Also, I'm working on a plan to take any extra cash I have so I can pay down the higher of the two loans (the 20% loan of $37k @ 9.75%) so I can eliminate that loan altogether and lowwering my monthly payments by the $377 I'm paying towards that second loan. Am I on the right track with this idea? Has someone come across this before/have a better idea?

So I want to gain a better understanding of how paying interest-only is building equity AND I'm looking for ideas on how to make the most of the limited amount of cash I have on-hand.

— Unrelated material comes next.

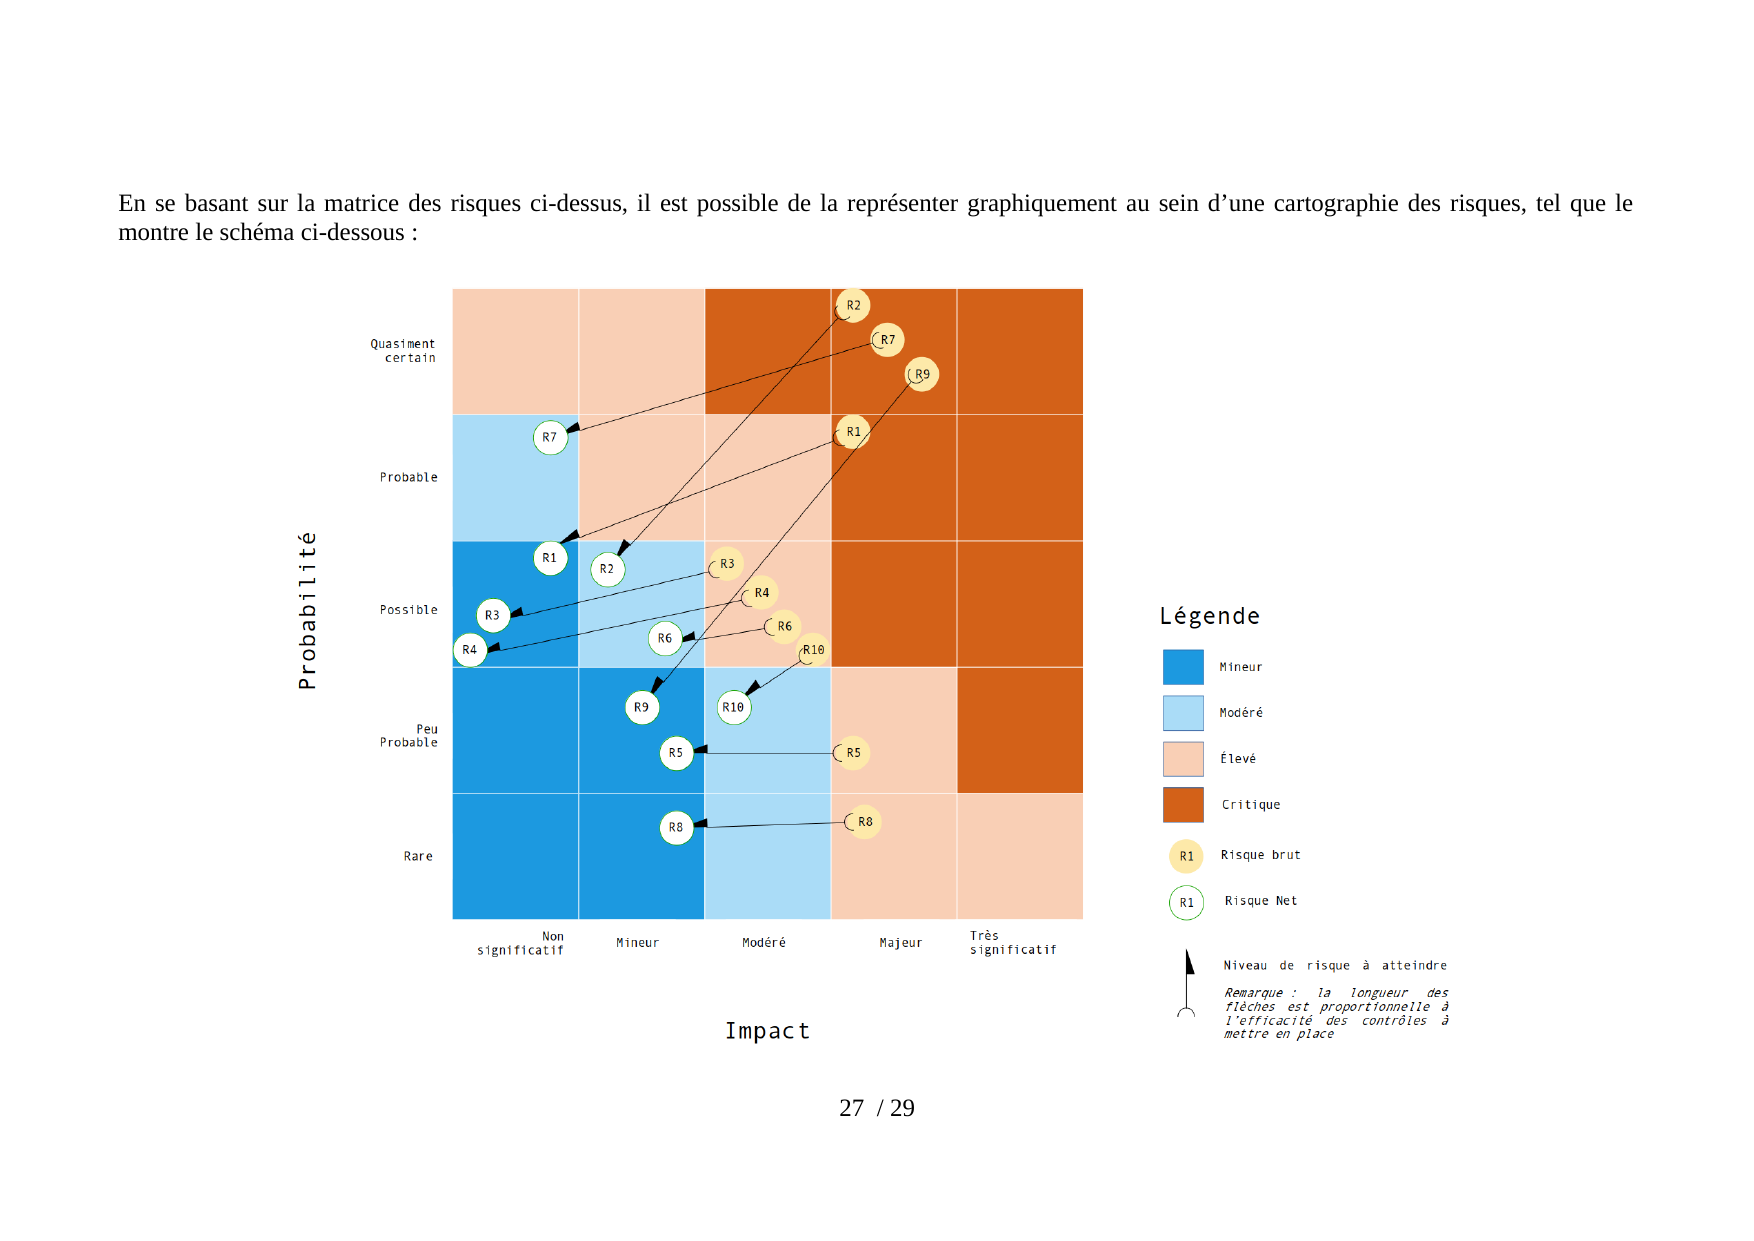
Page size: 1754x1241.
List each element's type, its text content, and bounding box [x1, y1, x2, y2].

2006-07-24 03:55:30 · 6 answers · asked by Michelle's boyfriend 2 in Business & Finance Renting & Real Estate

6 answers

There are only two or three REAL ways an I/O loan can build equity in your home (and it's not really the loan doing the work tbh.)

Equity is defined as a homeowner's financial interest in a property. Equity is the difference between the fair market value of a property and the amount still owed on the mortgage(s).

One is if your home appreciates in value over the coming months and years as the market itself climbs. Thus, if your home becomes more valuable and the amount of your loan stays the same, you receive "equity".

The second (and most dependable) way is if you make payments above and beyond the basic I/O payments. These additional amounts would be applied straight to the principal thus creating equity by paying down your loan. I would suggest sending a check that specifically states "Principal payment" in the memo field on the check just to make sure it gets applied appropriately.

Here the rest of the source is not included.